Mothers Day has always been a rough one. At this point I feel like mentioning this kinda just annoys my wife. I don’t mean that in a harsh way, I understand. She just wants to have a great day, she wants to be free to love me, our daughter and our family and her mom and her Nana etc etc. She doesn’t want me to be sad or weird or dodgy, when I am all of these things. I clutter the landscape with my issues like a bank of foreboding dark and threatening skies, waiting to pounce upon anyone that trusted the sunny forecast they read last night.
Mothers day was always the one day I allowed myself to mourn, and to feel sorry for myself. Most of the time I resent my weaknesses, I am angry at my own whining or my bad attitude. Crying won’t help, wishing it would be different won’t do a damn thing and sharing with everyone how sad and heartbroken you are over something they can only uncomfortably try to comfort, what is by its nature, inconsolable? Fucking weak.

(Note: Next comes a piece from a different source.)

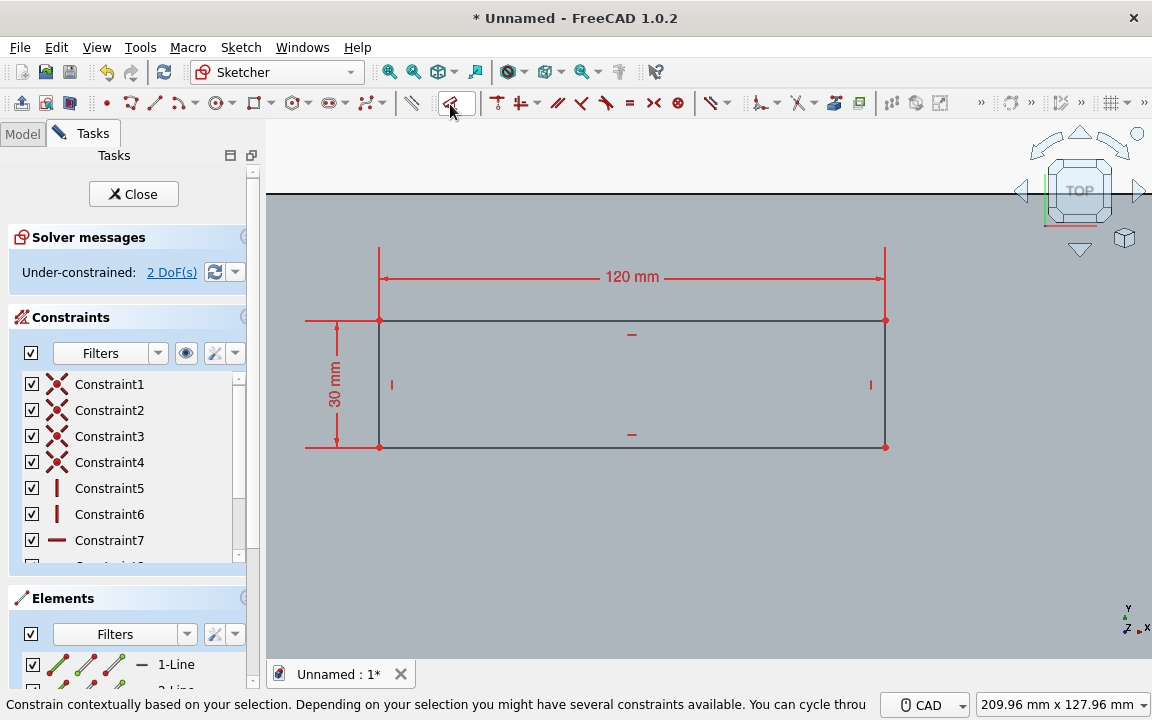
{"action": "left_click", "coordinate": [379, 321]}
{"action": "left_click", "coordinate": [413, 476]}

Plus it’s just putting your sad little issue on someone elses plate, mucking up their day with your pathetic misery. Always seemed like a selfish path to take and never helped me either.
So once a year, I let myself mourn this hole in my life, to voice the secret wish that she was still here. Later I realized, it wasn’t about HER per se, since she was a rather horrible mother after all, but that I wanted A mother. A good one,..maybe that baked and stuff. I wanted a mom to share my good and bad days with and to be proud or ashamed of me. It’s hard to set your own moral code….a baseline is helpful. I wanted a mom that had stories of me. I wanted someone for whom, I was special enough, to remember. I wanted something other than all the scars to figure it out from.
Then I gave up my son, when I was 17. If I had kept him, I would have been like her (a really bad mom) and that just wasn’t an option. Mothers Day took a new turn downward into the abyss. It began to mark not only the failings of my own mother but my failings as a mother myself.
Let me just say it was a bad day and one of the few I truly allowed myself to grieve it all. I always stayed home except for my annual trip to clean up Gail’s grave. I refused communication with anyone. I spent that time destroying myself from the inside out. It was my day!
Then when I was 27, I had my daughter.
Again all the rules changed, but an about-face was required. Everyone in my life wanted to celebrate her existence, and I’m sure, break the encasement of sorrow I seemed so fond of. I mean, now I would be happy right??! I kept this one, we were doing all right, I had a family now.
Four years have passed and I’m better, better in general, healed in some places, still raw in others. I am better at being happy for the people in my life that love me no matter what, for my brilliant little girl and wonderful wife. I have an amazing mother-in-law and my sister-in-law is an angel. I have Tia’s, Aunties, Uncles and Grandmas that make my existence blessed.
My son is fucking brilliant, really, like a genius and he’s just a good person. . His family is also amazing. Although it took me 9 years to get over it, I finally made peace with that part. I’m not his mom, I mean, I gave birth to him and that was something that changed me forever, but I’m not his mom. Mourning that lack and all the ways his moms are better that anything I could have been, that makes no sense. It stopped me from reaching out to him, from loving them all as I should and saying things that might be hard, like “I love you”, knowing he didn’t have to say it back. We kind of annoy each other and act more like siblings, or a relatively closely aged niece and nephew. It’s pretty awesome and I hope we become friends as he gets older. I still hurt about it, and I still can be crazy about it all, but thankfully for everyone that deals with me, it’s a lot better.
So..Mothers Day. I still want to hide in a tree with a book and a bagged lunch. I still want to visit my moms grave and I will still be weird, because let face it, I’m weird on normal days. I will still slightly exasperate my wife and dampen her joy. Yet, I can smile on this day now, I can leave the house and get through the whole thing without crying (sometimes). I slightly resent not being able to lick my wounds and lay on the floor in a pool of my own misery, but hey flowers and cake help.